/teabreac

Repository for Teaching Broad Reasoning Skills for Multi-Step QA by Generating Hard Contexts, EMNLP22

Primary LanguagePythonApache License 2.0Apache-2.0

Teaching Broad Reasoning Skills for Multi-Step QA by Generating Hard Contexts

This is the repository for our EMNLP 2022 paper "Teaching Broad Reasoning Skills for Multi-Step QA by Generating Hard Contexts".

Data

🍵 TeaBReaC dataset is distributed under a CC BY 4.0 License.

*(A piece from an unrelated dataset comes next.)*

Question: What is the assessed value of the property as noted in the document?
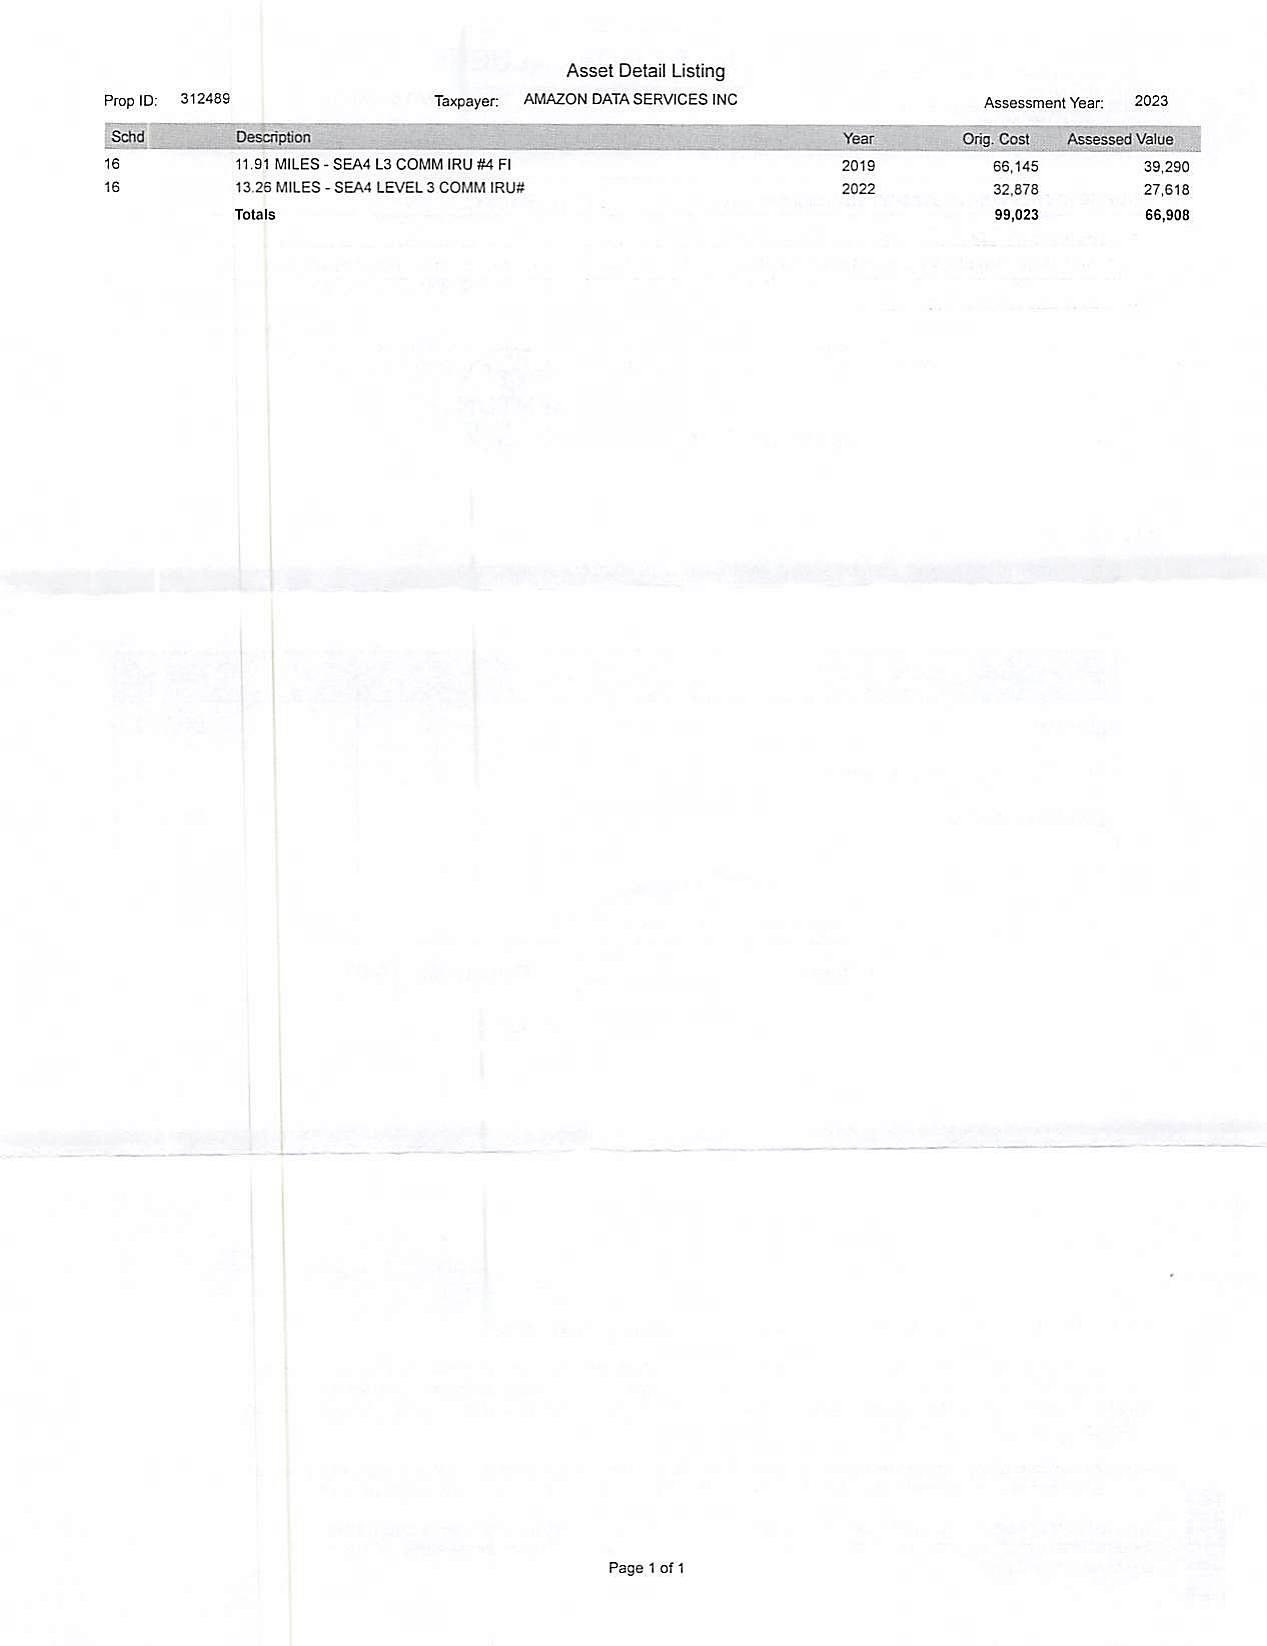
Answer: "66,908"

You can downoad it manually from here or run ./download_teabreac_data.sh and it'll available in data/ directory.

Models

All the models in our paper are released on the Huggingface hub over here. In all, we release the following models:

  • A: Base Models finetuned on target datasets: {base_model}-{target_dataset}
  • B: Base models pretrained on TeaBReaC: teabreac-{base_model}
  • C: Base models pretrained on TeaBReaC and then finetuned on target datasets: teabreac-{base_model}-{target_dataset}

The base_model above can be from: bart-large, t5-large, t5-3b, nt5-small, preasm-large. The target_dataset above can be from: drop, tatqa, iirc-gold, iirc-retrieved, numglue.

The A models are only released for completeness / reproducibility. In your end application you probably just want to use either B or C.

You can use any of the models in the following way:

from transformers import AutoTokenizer, AutoModelForSeq2SeqLM
from digit_tokenization import enable_digit_tokenization # from digit_tokenization.py

model_name = "StonyBrookNLP/teabreac-t5-3b-drop"
tokenizer = AutoTokenizer.from_pretrained(model_name, use_fast=False) # Fast doesn't work with digit tokenization
model = AutoModelForSeq2SeqLM.from_pretrained(model_name)
enable_digit_tokenization(tokenizer)
input_texts = [
    "answer_me: Who scored the first touchdown of the game?" +
    "context: ... Oakland would get the early lead in the first quarter as quarterback JaMarcus Russell completed a 20-yard touchdown pass to rookie wide receiver Chaz Schilens..."
    # Note: some models have slightly different qn/ctxt format. See the predict.py
]
input_ids = tokenizer(
    input_texts, return_tensors="pt",
    truncation=True, max_length=800,
    add_special_tokens=True, padding=True,
)["input_ids"]
generated_ids = model.generate(input_ids, min_length=1,  max_length=50)
generated_predictions = tokenizer.batch_decode(generated_ids, skip_special_tokens=False)
generated_predictions = [
    tokenizer.fix_decoded_text(generated_prediction) for generated_prediction in generated_predictions
]
# => ["Chaz Schilens"]

The above has been verified with python=3.9.0, transformers=4.24.0 and PyTorch=1.12.1.

If you want to run a model on one of the datasets we've evaluated on directly, see ## Experiments.

Experiments

You can generate predictions and/or evaluations for all the models/datasets by the following steps.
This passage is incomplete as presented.